Changes in Accounting Policies. Effective January 1, 2018, we adopted a comprehensive new revenue recognition standard. The details of the significant changes to our accounting policies resulting from the adoption of the new standard are set out below. We adopted the standard using a modified retrospective method. There was no change in our revenue reported for the three and six months ended June 30, 2017. The adoption of this standard did not have a material impact on our condensed consolidated financial position, reported revenue, results of operations or cash flows as of and for the three or six months ended June 30, 2018.

 

A performance obligation is a promise in a contract to transfer a distinct good or service to the customer, and is the unit of account under ASC 606. A contract’s transaction price is allocated to each distinct performance obligation and recognized as revenue when, or as, the performance obligation is satisfied. Generally speaking, our performance obligations represent a promise to transfer various semiconductor products, and have the same pattern of revenue recognition. Our performance obligations are satisfied at either a point in time, or over time as work progresses. The vast majority of our revenue from products and services is accounted for at a

-13-


 

point in time. Substantially all of our revenue in direct and Distributor sales is recognized at a point in time. Further, the payment terms on our sales are based on negotiations with our customers.
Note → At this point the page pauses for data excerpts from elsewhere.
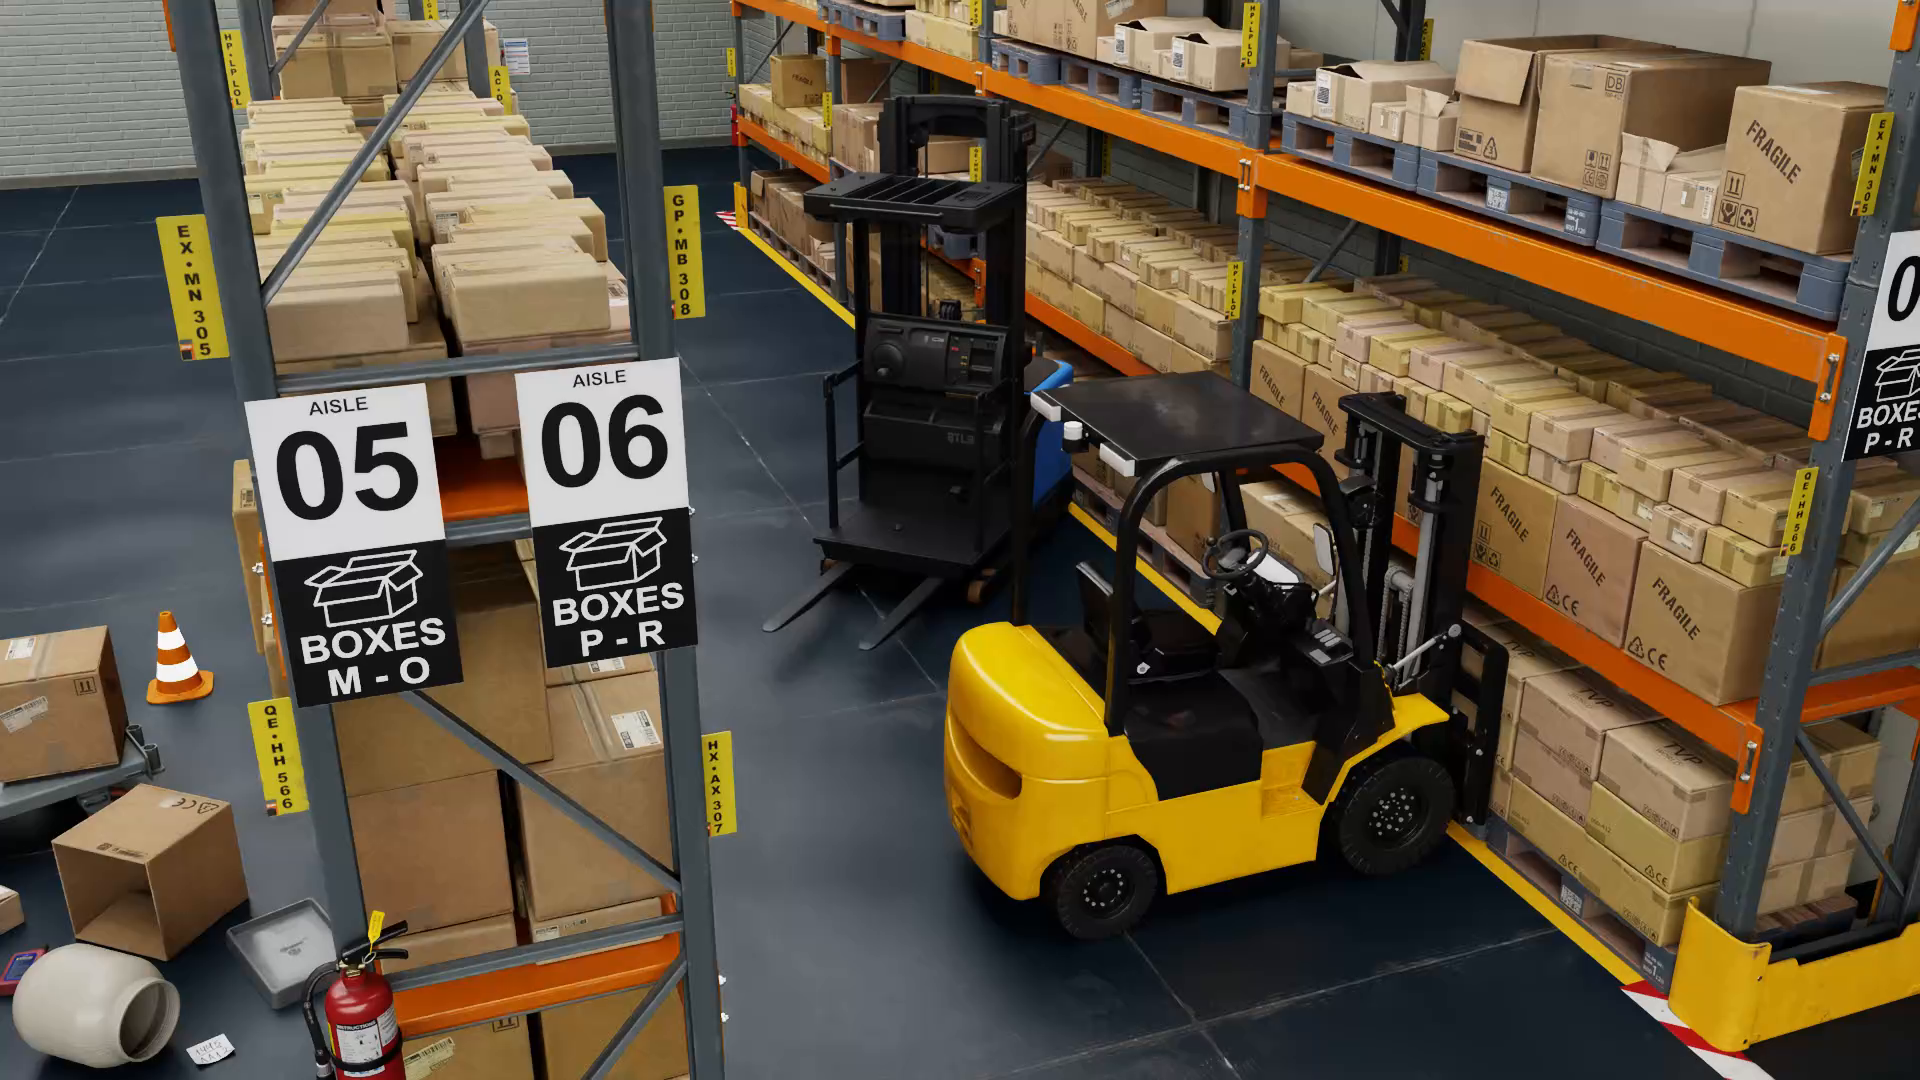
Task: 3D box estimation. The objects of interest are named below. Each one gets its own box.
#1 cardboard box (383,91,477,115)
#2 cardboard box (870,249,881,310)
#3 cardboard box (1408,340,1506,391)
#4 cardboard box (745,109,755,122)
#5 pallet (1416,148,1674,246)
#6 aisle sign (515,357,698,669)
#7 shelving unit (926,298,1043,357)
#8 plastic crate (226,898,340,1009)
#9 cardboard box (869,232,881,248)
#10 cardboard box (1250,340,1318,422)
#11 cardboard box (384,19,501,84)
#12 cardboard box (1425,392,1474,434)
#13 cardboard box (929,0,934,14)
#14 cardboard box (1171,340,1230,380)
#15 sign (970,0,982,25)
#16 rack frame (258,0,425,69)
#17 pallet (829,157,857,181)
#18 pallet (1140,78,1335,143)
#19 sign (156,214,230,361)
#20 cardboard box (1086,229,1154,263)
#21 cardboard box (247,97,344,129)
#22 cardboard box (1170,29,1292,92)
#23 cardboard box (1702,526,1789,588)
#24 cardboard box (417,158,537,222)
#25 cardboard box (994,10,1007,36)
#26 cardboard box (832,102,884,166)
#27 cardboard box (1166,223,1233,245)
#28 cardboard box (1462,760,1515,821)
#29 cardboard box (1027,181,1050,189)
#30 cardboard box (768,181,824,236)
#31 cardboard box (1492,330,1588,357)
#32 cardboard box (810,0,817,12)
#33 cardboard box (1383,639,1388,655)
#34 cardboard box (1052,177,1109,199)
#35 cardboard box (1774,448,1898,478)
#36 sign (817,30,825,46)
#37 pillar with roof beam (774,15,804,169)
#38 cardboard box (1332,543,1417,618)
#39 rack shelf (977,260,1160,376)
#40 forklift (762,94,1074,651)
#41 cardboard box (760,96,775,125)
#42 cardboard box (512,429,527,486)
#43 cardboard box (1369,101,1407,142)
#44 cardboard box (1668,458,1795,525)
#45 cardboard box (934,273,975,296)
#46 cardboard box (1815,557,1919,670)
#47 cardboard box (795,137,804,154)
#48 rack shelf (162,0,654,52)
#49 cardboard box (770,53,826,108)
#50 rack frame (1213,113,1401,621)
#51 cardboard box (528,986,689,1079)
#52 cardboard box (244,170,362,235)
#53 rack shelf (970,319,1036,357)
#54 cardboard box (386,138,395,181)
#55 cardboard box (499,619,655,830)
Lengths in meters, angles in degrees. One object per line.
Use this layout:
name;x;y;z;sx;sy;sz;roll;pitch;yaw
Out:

Customers can order different types of semiconductors in a single contract (purchase order), and each line on a purchase order represents a separate performance obligation. Depending on the terms of an arrangement, we may also be responsible for shipping and handling activities. In accordance with ASC 606-10-25-18B, we have elected to account for shipping and handling as activities to fulfill our promise to transfer the good(s). As such, shipping and handling activities do not represent a separate performance obligation, and are accrued as a fulfillment cost. Further, although we offer warranties on our products, our warranties are considered to be assurance-type in nature and do not cover anything beyond ensuring that the product is functioning as intended. Based on the guidance in ASC 606, assurance-type warranties do not represent separate performance obligations; therefore, the primary performance obligation in the majority of our contracts is the delivery of a specific good through the purchase order submitted by our customer.

We record allowances/reserves for a number of items.  The following items are the largest dollar items for which we record allowances/reserves with ship and debit making up the vast majority: (i) ship and debit, which arise when we issue credit to certain distributors upon their shipments to their end customers; (ii) stock rotation, which are contractual obligations that permit certain distributors, up to four times a year, to return a portion of their inventory based on historical shipments to them in exchange for an equal and offsetting order; and (iii) price protection, which arise when market conditions cause average selling prices to decrease and we issue credit to certain distributors on their inventory. Ship and debit reserves are recorded as a reduction to net sales with a corresponding reduction to accounts receivable. Stock rotation reserves are recorded as a reduction to net sales. Price protection reserves are recorded as a reduction to net sales with a corresponding increase in accrued liabilities.

We also assess our customer’s ability and intention to pay, which is based on a variety of factors including our customer’s historical payment experience, their financial condition and the condition of the global economy and financial markets. Payment terms and conditions typically vary depending on negotiations with the customer.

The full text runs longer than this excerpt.